Your hut stands outside the city

Oh, untouchable maid

The bald Brahmin passes sneaking close by

Oh, my maid, I would make you my companion

Kanha is the kapali, a yogi

He is naked and has no disgust

There is a lotus with sixty-four petals

Upon that the maid will climb with this poor self and dance.

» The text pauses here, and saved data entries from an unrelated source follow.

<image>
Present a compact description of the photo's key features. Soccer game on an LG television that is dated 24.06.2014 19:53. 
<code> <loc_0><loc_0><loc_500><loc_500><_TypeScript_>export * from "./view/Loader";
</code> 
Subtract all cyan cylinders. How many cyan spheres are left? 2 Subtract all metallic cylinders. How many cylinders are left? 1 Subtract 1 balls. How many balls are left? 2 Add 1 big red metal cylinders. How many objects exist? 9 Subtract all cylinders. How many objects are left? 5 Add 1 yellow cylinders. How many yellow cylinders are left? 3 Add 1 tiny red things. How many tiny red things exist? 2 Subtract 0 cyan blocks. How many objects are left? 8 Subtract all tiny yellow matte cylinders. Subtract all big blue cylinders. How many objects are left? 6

The language of Kanhupa's poetry bears a very strong resemblance to modern Bangla and Odia. For example,

eka so padamā caüṣaṭṭhī pākhur̤i .

tahim̐ car̤i nācaï ḍombi bāpur̤i..

ଏକ ସୋ ପଦମା ଚଉଷଟ୍ଠୀ ପାଖୁଡ଼ି ।

ତହିଁ ଚଡ଼ି ନାଚଇ ଡୋମ୍ବି ବାପୁଡ଼ି ॥

এক সো পদমা চৌষট্‌ঠী পাখুড়ি ।

তহিঁ চড়ি নাচই ডোম্বি বাপুড়ি ॥

Padama (Padma:Lotus), Chausatthi (64), Pakhudi (petals) Tahin (there, in that), Charhi (climb/rise), nachai (dances), Dombi (a Bengali or Odia woman belonging to the scheduled caste, Domi/Domni), Bapuri (a Bangla and Odia word for 'poor fellow'; ‘বাপুর, বাপুড়া’)

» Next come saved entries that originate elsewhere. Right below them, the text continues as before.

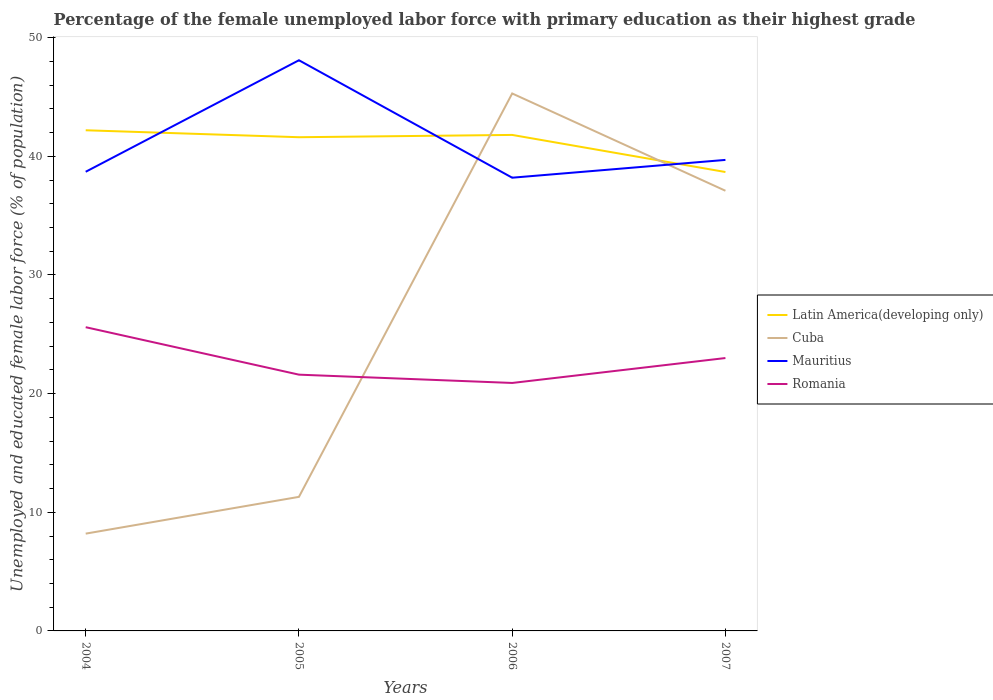Across all years, what is the maximum percentage of the unemployed female labor force with primary education in Romania?
Offer a very short reply. 20.9. What is the total percentage of the unemployed female labor force with primary education in Mauritius in the graph?
Your answer should be compact. -1.5. What is the difference between the highest and the second highest percentage of the unemployed female labor force with primary education in Mauritius?
Offer a very short reply. 9.9. What is the difference between the highest and the lowest percentage of the unemployed female labor force with primary education in Latin America(developing only)?
Give a very brief answer. 3. Is the percentage of the unemployed female labor force with primary education in Cuba strictly greater than the percentage of the unemployed female labor force with primary education in Romania over the years?
Offer a terse response. No. What is the difference between two consecutive major ticks on the Y-axis?
Offer a terse response. 10. Are the values on the major ticks of Y-axis written in scientific E-notation?
Offer a very short reply. No. Does the graph contain any zero values?
Your response must be concise. No. Does the graph contain grids?
Your response must be concise. No. Where does the legend appear in the graph?
Keep it short and to the point. Center right. How are the legend labels stacked?
Provide a short and direct response. Vertical. What is the title of the graph?
Your response must be concise. Percentage of the female unemployed labor force with primary education as their highest grade. What is the label or title of the X-axis?
Offer a terse response. Years. What is the label or title of the Y-axis?
Give a very brief answer. Unemployed and educated female labor force (% of population). What is the Unemployed and educated female labor force (% of population) in Latin America(developing only) in 2004?
Offer a very short reply. 42.2. What is the Unemployed and educated female labor force (% of population) in Cuba in 2004?
Provide a succinct answer. 8.2. What is the Unemployed and educated female labor force (% of population) of Mauritius in 2004?
Your answer should be compact. 38.7. What is the Unemployed and educated female labor force (% of population) of Romania in 2004?
Offer a terse response. 25.6. What is the Unemployed and educated female labor force (% of population) in Latin America(developing only) in 2005?
Keep it short and to the point. 41.61. What is the Unemployed and educated female labor force (% of population) in Cuba in 2005?
Your answer should be very brief. 11.3. What is the Unemployed and educated female labor force (% of population) of Mauritius in 2005?
Your answer should be very brief. 48.1. What is the Unemployed and educated female labor force (% of population) in Romania in 2005?
Make the answer very short. 21.6. What is the Unemployed and educated female labor force (% of population) in Latin America(developing only) in 2006?
Give a very brief answer. 41.81. What is the Unemployed and educated female labor force (% of population) of Cuba in 2006?
Your response must be concise. 45.3. What is the Unemployed and educated female labor force (% of population) of Mauritius in 2006?
Make the answer very short. 38.2. What is the Unemployed and educated female labor force (% of population) of Romania in 2006?
Your response must be concise. 20.9. What is the Unemployed and educated female labor force (% of population) of Latin America(developing only) in 2007?
Your response must be concise. 38.68. What is the Unemployed and educated female labor force (% of population) in Cuba in 2007?
Make the answer very short. 37.1. What is the Unemployed and educated female labor force (% of population) in Mauritius in 2007?
Offer a very short reply. 39.7. What is the Unemployed and educated female labor force (% of population) of Romania in 2007?
Offer a terse response. 23. Across all years, what is the maximum Unemployed and educated female labor force (% of population) of Latin America(developing only)?
Your response must be concise. 42.2. Across all years, what is the maximum Unemployed and educated female labor force (% of population) of Cuba?
Your answer should be compact. 45.3. Across all years, what is the maximum Unemployed and educated female labor force (% of population) in Mauritius?
Make the answer very short. 48.1. Across all years, what is the maximum Unemployed and educated female labor force (% of population) in Romania?
Offer a terse response. 25.6. Across all years, what is the minimum Unemployed and educated female labor force (% of population) of Latin America(developing only)?
Your response must be concise. 38.68. Across all years, what is the minimum Unemployed and educated female labor force (% of population) of Cuba?
Offer a terse response. 8.2. Across all years, what is the minimum Unemployed and educated female labor force (% of population) of Mauritius?
Keep it short and to the point. 38.2. Across all years, what is the minimum Unemployed and educated female labor force (% of population) of Romania?
Give a very brief answer. 20.9. What is the total Unemployed and educated female labor force (% of population) of Latin America(developing only) in the graph?
Your answer should be very brief. 164.3. What is the total Unemployed and educated female labor force (% of population) of Cuba in the graph?
Keep it short and to the point. 101.9. What is the total Unemployed and educated female labor force (% of population) in Mauritius in the graph?
Your response must be concise. 164.7. What is the total Unemployed and educated female labor force (% of population) of Romania in the graph?
Provide a short and direct response. 91.1. What is the difference between the Unemployed and educated female labor force (% of population) of Latin America(developing only) in 2004 and that in 2005?
Your response must be concise. 0.59. What is the difference between the Unemployed and educated female labor force (% of population) in Cuba in 2004 and that in 2005?
Provide a succinct answer. -3.1. What is the difference between the Unemployed and educated female labor force (% of population) of Mauritius in 2004 and that in 2005?
Make the answer very short. -9.4. What is the difference between the Unemployed and educated female labor force (% of population) in Latin America(developing only) in 2004 and that in 2006?
Your answer should be compact. 0.39. What is the difference between the Unemployed and educated female labor force (% of population) in Cuba in 2004 and that in 2006?
Offer a very short reply. -37.1. What is the difference between the Unemployed and educated female labor force (% of population) in Latin America(developing only) in 2004 and that in 2007?
Keep it short and to the point. 3.52. What is the difference between the Unemployed and educated female labor force (% of population) of Cuba in 2004 and that in 2007?
Make the answer very short. -28.9. What is the difference between the Unemployed and educated female labor force (% of population) in Latin America(developing only) in 2005 and that in 2006?
Your response must be concise. -0.19. What is the difference between the Unemployed and educated female labor force (% of population) of Cuba in 2005 and that in 2006?
Give a very brief answer. -34. What is the difference between the Unemployed and educated female labor force (% of population) of Latin America(developing only) in 2005 and that in 2007?
Your answer should be very brief. 2.93. What is the difference between the Unemployed and educated female labor force (% of population) of Cuba in 2005 and that in 2007?
Your answer should be compact. -25.8. What is the difference between the Unemployed and educated female labor force (% of population) of Latin America(developing only) in 2006 and that in 2007?
Ensure brevity in your answer.  3.13. What is the difference between the Unemployed and educated female labor force (% of population) in Latin America(developing only) in 2004 and the Unemployed and educated female labor force (% of population) in Cuba in 2005?
Offer a very short reply. 30.9. What is the difference between the Unemployed and educated female labor force (% of population) of Latin America(developing only) in 2004 and the Unemployed and educated female labor force (% of population) of Mauritius in 2005?
Provide a short and direct response. -5.9. What is the difference between the Unemployed and educated female labor force (% of population) of Latin America(developing only) in 2004 and the Unemployed and educated female labor force (% of population) of Romania in 2005?
Give a very brief answer. 20.6. What is the difference between the Unemployed and educated female labor force (% of population) of Cuba in 2004 and the Unemployed and educated female labor force (% of population) of Mauritius in 2005?
Your answer should be very brief. -39.9. What is the difference between the Unemployed and educated female labor force (% of population) of Mauritius in 2004 and the Unemployed and educated female labor force (% of population) of Romania in 2005?
Your answer should be compact. 17.1. What is the difference between the Unemployed and educated female labor force (% of population) in Latin America(developing only) in 2004 and the Unemployed and educated female labor force (% of population) in Cuba in 2006?
Provide a short and direct response. -3.1. What is the difference between the Unemployed and educated female labor force (% of population) of Latin America(developing only) in 2004 and the Unemployed and educated female labor force (% of population) of Mauritius in 2006?
Your response must be concise. 4. What is the difference between the Unemployed and educated female labor force (% of population) of Latin America(developing only) in 2004 and the Unemployed and educated female labor force (% of population) of Romania in 2006?
Make the answer very short. 21.3. What is the difference between the Unemployed and educated female labor force (% of population) of Cuba in 2004 and the Unemployed and educated female labor force (% of population) of Romania in 2006?
Your answer should be very brief. -12.7. What is the difference between the Unemployed and educated female labor force (% of population) in Latin America(developing only) in 2004 and the Unemployed and educated female labor force (% of population) in Cuba in 2007?
Your answer should be compact. 5.1. What is the difference between the Unemployed and educated female labor force (% of population) in Latin America(developing only) in 2004 and the Unemployed and educated female labor force (% of population) in Mauritius in 2007?
Offer a terse response. 2.5. What is the difference between the Unemployed and educated female labor force (% of population) of Latin America(developing only) in 2004 and the Unemployed and educated female labor force (% of population) of Romania in 2007?
Your answer should be compact. 19.2. What is the difference between the Unemployed and educated female labor force (% of population) in Cuba in 2004 and the Unemployed and educated female labor force (% of population) in Mauritius in 2007?
Give a very brief answer. -31.5. What is the difference between the Unemployed and educated female labor force (% of population) of Cuba in 2004 and the Unemployed and educated female labor force (% of population) of Romania in 2007?
Provide a short and direct response. -14.8. What is the difference between the Unemployed and educated female labor force (% of population) of Mauritius in 2004 and the Unemployed and educated female labor force (% of population) of Romania in 2007?
Your answer should be compact. 15.7. What is the difference between the Unemployed and educated female labor force (% of population) of Latin America(developing only) in 2005 and the Unemployed and educated female labor force (% of population) of Cuba in 2006?
Provide a succinct answer. -3.69. What is the difference between the Unemployed and educated female labor force (% of population) in Latin America(developing only) in 2005 and the Unemployed and educated female labor force (% of population) in Mauritius in 2006?
Offer a very short reply. 3.41. What is the difference between the Unemployed and educated female labor force (% of population) of Latin America(developing only) in 2005 and the Unemployed and educated female labor force (% of population) of Romania in 2006?
Make the answer very short. 20.71. What is the difference between the Unemployed and educated female labor force (% of population) in Cuba in 2005 and the Unemployed and educated female labor force (% of population) in Mauritius in 2006?
Offer a very short reply. -26.9. What is the difference between the Unemployed and educated female labor force (% of population) of Mauritius in 2005 and the Unemployed and educated female labor force (% of population) of Romania in 2006?
Give a very brief answer. 27.2. What is the difference between the Unemployed and educated female labor force (% of population) in Latin America(developing only) in 2005 and the Unemployed and educated female labor force (% of population) in Cuba in 2007?
Give a very brief answer. 4.51. What is the difference between the Unemployed and educated female labor force (% of population) in Latin America(developing only) in 2005 and the Unemployed and educated female labor force (% of population) in Mauritius in 2007?
Ensure brevity in your answer.  1.91. What is the difference between the Unemployed and educated female labor force (% of population) of Latin America(developing only) in 2005 and the Unemployed and educated female labor force (% of population) of Romania in 2007?
Make the answer very short. 18.61. What is the difference between the Unemployed and educated female labor force (% of population) of Cuba in 2005 and the Unemployed and educated female labor force (% of population) of Mauritius in 2007?
Your answer should be compact. -28.4. What is the difference between the Unemployed and educated female labor force (% of population) in Cuba in 2005 and the Unemployed and educated female labor force (% of population) in Romania in 2007?
Provide a short and direct response. -11.7. What is the difference between the Unemployed and educated female labor force (% of population) in Mauritius in 2005 and the Unemployed and educated female labor force (% of population) in Romania in 2007?
Provide a succinct answer. 25.1. What is the difference between the Unemployed and educated female labor force (% of population) of Latin America(developing only) in 2006 and the Unemployed and educated female labor force (% of population) of Cuba in 2007?
Your response must be concise. 4.71. What is the difference between the Unemployed and educated female labor force (% of population) of Latin America(developing only) in 2006 and the Unemployed and educated female labor force (% of population) of Mauritius in 2007?
Your answer should be compact. 2.11. What is the difference between the Unemployed and educated female labor force (% of population) of Latin America(developing only) in 2006 and the Unemployed and educated female labor force (% of population) of Romania in 2007?
Make the answer very short. 18.81. What is the difference between the Unemployed and educated female labor force (% of population) of Cuba in 2006 and the Unemployed and educated female labor force (% of population) of Romania in 2007?
Offer a terse response. 22.3. What is the average Unemployed and educated female labor force (% of population) of Latin America(developing only) per year?
Your answer should be compact. 41.07. What is the average Unemployed and educated female labor force (% of population) of Cuba per year?
Make the answer very short. 25.48. What is the average Unemployed and educated female labor force (% of population) of Mauritius per year?
Give a very brief answer. 41.17. What is the average Unemployed and educated female labor force (% of population) of Romania per year?
Your answer should be very brief. 22.77. In the year 2004, what is the difference between the Unemployed and educated female labor force (% of population) in Latin America(developing only) and Unemployed and educated female labor force (% of population) in Cuba?
Ensure brevity in your answer.  34. In the year 2004, what is the difference between the Unemployed and educated female labor force (% of population) in Latin America(developing only) and Unemployed and educated female labor force (% of population) in Mauritius?
Provide a succinct answer. 3.5. In the year 2004, what is the difference between the Unemployed and educated female labor force (% of population) of Latin America(developing only) and Unemployed and educated female labor force (% of population) of Romania?
Provide a short and direct response. 16.6. In the year 2004, what is the difference between the Unemployed and educated female labor force (% of population) of Cuba and Unemployed and educated female labor force (% of population) of Mauritius?
Make the answer very short. -30.5. In the year 2004, what is the difference between the Unemployed and educated female labor force (% of population) of Cuba and Unemployed and educated female labor force (% of population) of Romania?
Your answer should be very brief. -17.4. In the year 2005, what is the difference between the Unemployed and educated female labor force (% of population) in Latin America(developing only) and Unemployed and educated female labor force (% of population) in Cuba?
Your response must be concise. 30.31. In the year 2005, what is the difference between the Unemployed and educated female labor force (% of population) of Latin America(developing only) and Unemployed and educated female labor force (% of population) of Mauritius?
Your answer should be compact. -6.49. In the year 2005, what is the difference between the Unemployed and educated female labor force (% of population) of Latin America(developing only) and Unemployed and educated female labor force (% of population) of Romania?
Your answer should be compact. 20.01. In the year 2005, what is the difference between the Unemployed and educated female labor force (% of population) in Cuba and Unemployed and educated female labor force (% of population) in Mauritius?
Provide a short and direct response. -36.8. In the year 2005, what is the difference between the Unemployed and educated female labor force (% of population) of Cuba and Unemployed and educated female labor force (% of population) of Romania?
Keep it short and to the point. -10.3. In the year 2006, what is the difference between the Unemployed and educated female labor force (% of population) of Latin America(developing only) and Unemployed and educated female labor force (% of population) of Cuba?
Make the answer very short. -3.49. In the year 2006, what is the difference between the Unemployed and educated female labor force (% of population) in Latin America(developing only) and Unemployed and educated female labor force (% of population) in Mauritius?
Give a very brief answer. 3.61. In the year 2006, what is the difference between the Unemployed and educated female labor force (% of population) in Latin America(developing only) and Unemployed and educated female labor force (% of population) in Romania?
Your answer should be compact. 20.91. In the year 2006, what is the difference between the Unemployed and educated female labor force (% of population) in Cuba and Unemployed and educated female labor force (% of population) in Mauritius?
Ensure brevity in your answer.  7.1. In the year 2006, what is the difference between the Unemployed and educated female labor force (% of population) in Cuba and Unemployed and educated female labor force (% of population) in Romania?
Provide a succinct answer. 24.4. In the year 2006, what is the difference between the Unemployed and educated female labor force (% of population) of Mauritius and Unemployed and educated female labor force (% of population) of Romania?
Your answer should be very brief. 17.3. In the year 2007, what is the difference between the Unemployed and educated female labor force (% of population) in Latin America(developing only) and Unemployed and educated female labor force (% of population) in Cuba?
Ensure brevity in your answer.  1.58. In the year 2007, what is the difference between the Unemployed and educated female labor force (% of population) in Latin America(developing only) and Unemployed and educated female labor force (% of population) in Mauritius?
Your answer should be very brief. -1.02. In the year 2007, what is the difference between the Unemployed and educated female labor force (% of population) in Latin America(developing only) and Unemployed and educated female labor force (% of population) in Romania?
Ensure brevity in your answer.  15.68. In the year 2007, what is the difference between the Unemployed and educated female labor force (% of population) of Cuba and Unemployed and educated female labor force (% of population) of Romania?
Provide a succinct answer. 14.1. In the year 2007, what is the difference between the Unemployed and educated female labor force (% of population) in Mauritius and Unemployed and educated female labor force (% of population) in Romania?
Make the answer very short. 16.7. What is the ratio of the Unemployed and educated female labor force (% of population) of Latin America(developing only) in 2004 to that in 2005?
Keep it short and to the point. 1.01. What is the ratio of the Unemployed and educated female labor force (% of population) in Cuba in 2004 to that in 2005?
Your response must be concise. 0.73. What is the ratio of the Unemployed and educated female labor force (% of population) in Mauritius in 2004 to that in 2005?
Keep it short and to the point. 0.8. What is the ratio of the Unemployed and educated female labor force (% of population) in Romania in 2004 to that in 2005?
Make the answer very short. 1.19. What is the ratio of the Unemployed and educated female labor force (% of population) in Latin America(developing only) in 2004 to that in 2006?
Give a very brief answer. 1.01. What is the ratio of the Unemployed and educated female labor force (% of population) of Cuba in 2004 to that in 2006?
Give a very brief answer. 0.18. What is the ratio of the Unemployed and educated female labor force (% of population) in Mauritius in 2004 to that in 2006?
Provide a short and direct response. 1.01. What is the ratio of the Unemployed and educated female labor force (% of population) of Romania in 2004 to that in 2006?
Offer a terse response. 1.22. What is the ratio of the Unemployed and educated female labor force (% of population) of Latin America(developing only) in 2004 to that in 2007?
Your answer should be compact. 1.09. What is the ratio of the Unemployed and educated female labor force (% of population) in Cuba in 2004 to that in 2007?
Your answer should be compact. 0.22. What is the ratio of the Unemployed and educated female labor force (% of population) of Mauritius in 2004 to that in 2007?
Ensure brevity in your answer.  0.97. What is the ratio of the Unemployed and educated female labor force (% of population) in Romania in 2004 to that in 2007?
Provide a succinct answer. 1.11. What is the ratio of the Unemployed and educated female labor force (% of population) in Cuba in 2005 to that in 2006?
Ensure brevity in your answer.  0.25. What is the ratio of the Unemployed and educated female labor force (% of population) of Mauritius in 2005 to that in 2006?
Ensure brevity in your answer.  1.26. What is the ratio of the Unemployed and educated female labor force (% of population) of Romania in 2005 to that in 2006?
Keep it short and to the point. 1.03. What is the ratio of the Unemployed and educated female labor force (% of population) of Latin America(developing only) in 2005 to that in 2007?
Offer a very short reply. 1.08. What is the ratio of the Unemployed and educated female labor force (% of population) of Cuba in 2005 to that in 2007?
Offer a very short reply. 0.3. What is the ratio of the Unemployed and educated female labor force (% of population) of Mauritius in 2005 to that in 2007?
Your answer should be compact. 1.21. What is the ratio of the Unemployed and educated female labor force (% of population) in Romania in 2005 to that in 2007?
Ensure brevity in your answer.  0.94. What is the ratio of the Unemployed and educated female labor force (% of population) in Latin America(developing only) in 2006 to that in 2007?
Your response must be concise. 1.08. What is the ratio of the Unemployed and educated female labor force (% of population) of Cuba in 2006 to that in 2007?
Provide a short and direct response. 1.22. What is the ratio of the Unemployed and educated female labor force (% of population) in Mauritius in 2006 to that in 2007?
Provide a succinct answer. 0.96. What is the ratio of the Unemployed and educated female labor force (% of population) in Romania in 2006 to that in 2007?
Your answer should be compact. 0.91. What is the difference between the highest and the second highest Unemployed and educated female labor force (% of population) of Latin America(developing only)?
Make the answer very short. 0.39. What is the difference between the highest and the second highest Unemployed and educated female labor force (% of population) of Cuba?
Provide a short and direct response. 8.2. What is the difference between the highest and the second highest Unemployed and educated female labor force (% of population) of Mauritius?
Your answer should be compact. 8.4. What is the difference between the highest and the lowest Unemployed and educated female labor force (% of population) of Latin America(developing only)?
Keep it short and to the point. 3.52. What is the difference between the highest and the lowest Unemployed and educated female labor force (% of population) of Cuba?
Give a very brief answer. 37.1. What is the difference between the highest and the lowest Unemployed and educated female labor force (% of population) of Mauritius?
Your response must be concise. 9.9. What is the difference between the highest and the lowest Unemployed and educated female labor force (% of population) in Romania?
Your answer should be compact. 4.7.

Somewhat modern poetic Bangla would be, “একশো পদ্মে/পদমে চৌষট্টি পাকড়ি/পাখুড়ি। তাহে চড়িয়া/চড়ি নাচে ডোমি বাপুড়ি/বেচারি॥”

or

hā lo ḍombi to puchami sadabhābe.

āisasi jāsi ḍombi kāhari nābem̐..

ହା ଲୋ ଡୋମ୍ବି ତୋ ପୁଛମି ସଦଭାବେ।

ଆଇସସି ଜାସି ଡୋମ୍ବି କାହରି ନାବେଁ॥

হা লো ডোম্বি তো পুছমি সদভাবে।

আইসসি যাসি ডোম্বি কাহরি নাবেঁ॥

The above verse hardly requires any translation to be understood in present-day Bengali or Odia.

Modern poetic Bengali version of it will be “হ্যাঁ লো ডোমনি/ডোমি, তোকে/তোয় পুঁছি/জিজ্ঞাসি/শুধাই সদ্ভাবে। আসিস-যাস ডোমি/ডোমনি কাহারে নায়/নাওয়ে”.